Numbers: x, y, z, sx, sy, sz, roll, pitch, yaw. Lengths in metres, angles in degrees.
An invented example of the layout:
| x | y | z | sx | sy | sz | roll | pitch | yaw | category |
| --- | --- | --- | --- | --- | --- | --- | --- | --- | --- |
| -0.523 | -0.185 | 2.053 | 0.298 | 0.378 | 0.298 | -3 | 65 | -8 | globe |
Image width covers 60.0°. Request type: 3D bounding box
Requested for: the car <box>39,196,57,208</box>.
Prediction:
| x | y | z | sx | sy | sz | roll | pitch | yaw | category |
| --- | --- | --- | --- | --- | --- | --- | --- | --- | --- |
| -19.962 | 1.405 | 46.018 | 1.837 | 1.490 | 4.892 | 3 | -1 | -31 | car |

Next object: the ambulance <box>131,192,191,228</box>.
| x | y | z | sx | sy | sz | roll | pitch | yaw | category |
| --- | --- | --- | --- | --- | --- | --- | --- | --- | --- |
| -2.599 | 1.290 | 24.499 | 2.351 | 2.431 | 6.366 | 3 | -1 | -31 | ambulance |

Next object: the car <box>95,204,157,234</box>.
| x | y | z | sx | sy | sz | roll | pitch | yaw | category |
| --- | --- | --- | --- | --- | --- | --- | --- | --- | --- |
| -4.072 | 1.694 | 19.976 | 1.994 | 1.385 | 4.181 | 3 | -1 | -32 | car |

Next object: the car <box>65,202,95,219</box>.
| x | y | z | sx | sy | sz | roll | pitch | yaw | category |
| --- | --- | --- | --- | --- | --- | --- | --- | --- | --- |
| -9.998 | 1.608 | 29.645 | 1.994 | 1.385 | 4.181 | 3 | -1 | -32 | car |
* * *
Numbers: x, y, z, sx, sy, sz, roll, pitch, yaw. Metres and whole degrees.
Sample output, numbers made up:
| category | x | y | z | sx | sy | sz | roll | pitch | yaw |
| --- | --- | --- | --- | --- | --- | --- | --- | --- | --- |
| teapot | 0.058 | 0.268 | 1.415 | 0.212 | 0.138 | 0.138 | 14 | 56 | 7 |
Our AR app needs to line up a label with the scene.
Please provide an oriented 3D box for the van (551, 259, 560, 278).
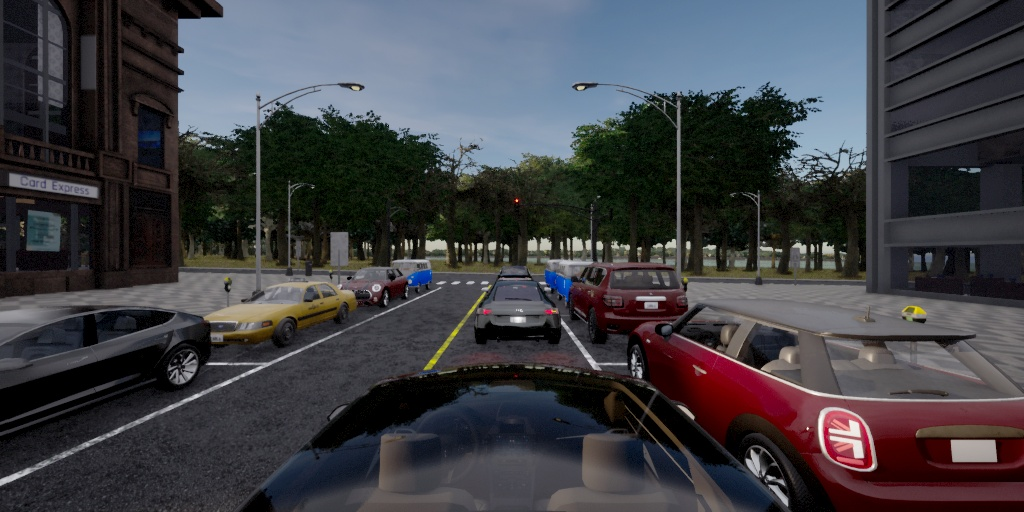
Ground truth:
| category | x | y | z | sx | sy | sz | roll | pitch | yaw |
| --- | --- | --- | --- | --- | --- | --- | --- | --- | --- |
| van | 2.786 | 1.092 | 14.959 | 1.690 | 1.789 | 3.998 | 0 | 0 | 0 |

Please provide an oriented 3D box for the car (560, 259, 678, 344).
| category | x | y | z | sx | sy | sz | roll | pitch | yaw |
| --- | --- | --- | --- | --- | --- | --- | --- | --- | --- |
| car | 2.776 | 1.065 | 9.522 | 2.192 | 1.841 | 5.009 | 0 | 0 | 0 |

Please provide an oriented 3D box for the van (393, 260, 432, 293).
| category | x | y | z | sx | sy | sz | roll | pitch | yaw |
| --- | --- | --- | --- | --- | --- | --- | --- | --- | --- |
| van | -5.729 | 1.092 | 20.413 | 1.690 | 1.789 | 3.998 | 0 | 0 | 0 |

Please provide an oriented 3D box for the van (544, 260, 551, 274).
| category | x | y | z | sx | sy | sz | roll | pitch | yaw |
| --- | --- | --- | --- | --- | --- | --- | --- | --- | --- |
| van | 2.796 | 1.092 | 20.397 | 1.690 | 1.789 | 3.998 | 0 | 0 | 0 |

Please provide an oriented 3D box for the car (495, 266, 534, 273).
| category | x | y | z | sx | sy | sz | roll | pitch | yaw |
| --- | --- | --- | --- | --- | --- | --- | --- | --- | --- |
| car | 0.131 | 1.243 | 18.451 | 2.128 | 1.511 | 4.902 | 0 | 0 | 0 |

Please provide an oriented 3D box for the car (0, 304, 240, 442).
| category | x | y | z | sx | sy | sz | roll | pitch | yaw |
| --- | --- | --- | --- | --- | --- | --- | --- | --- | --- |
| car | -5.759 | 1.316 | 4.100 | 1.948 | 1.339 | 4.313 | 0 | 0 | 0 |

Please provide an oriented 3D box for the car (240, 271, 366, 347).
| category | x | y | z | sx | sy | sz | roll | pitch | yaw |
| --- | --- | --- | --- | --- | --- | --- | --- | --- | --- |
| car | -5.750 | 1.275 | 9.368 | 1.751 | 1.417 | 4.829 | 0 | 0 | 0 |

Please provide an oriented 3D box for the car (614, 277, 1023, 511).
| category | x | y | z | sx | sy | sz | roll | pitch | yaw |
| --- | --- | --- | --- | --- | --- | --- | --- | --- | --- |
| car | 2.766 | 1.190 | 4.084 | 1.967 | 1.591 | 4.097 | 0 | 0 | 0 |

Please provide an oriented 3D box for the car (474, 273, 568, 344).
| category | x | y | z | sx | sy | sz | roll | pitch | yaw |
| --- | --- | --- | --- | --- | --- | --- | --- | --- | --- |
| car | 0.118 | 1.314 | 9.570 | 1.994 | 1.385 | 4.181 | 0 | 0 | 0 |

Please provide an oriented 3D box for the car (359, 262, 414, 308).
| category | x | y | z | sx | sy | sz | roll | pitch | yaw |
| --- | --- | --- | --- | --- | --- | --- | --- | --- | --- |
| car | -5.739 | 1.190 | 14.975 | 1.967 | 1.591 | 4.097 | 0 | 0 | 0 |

- **AIM OF THE EXERCISE**
Report the number of lines in the entries where the word "degrees" occurs, and add nothing else.

- **RESPONSE TO THE EXERCISE**
2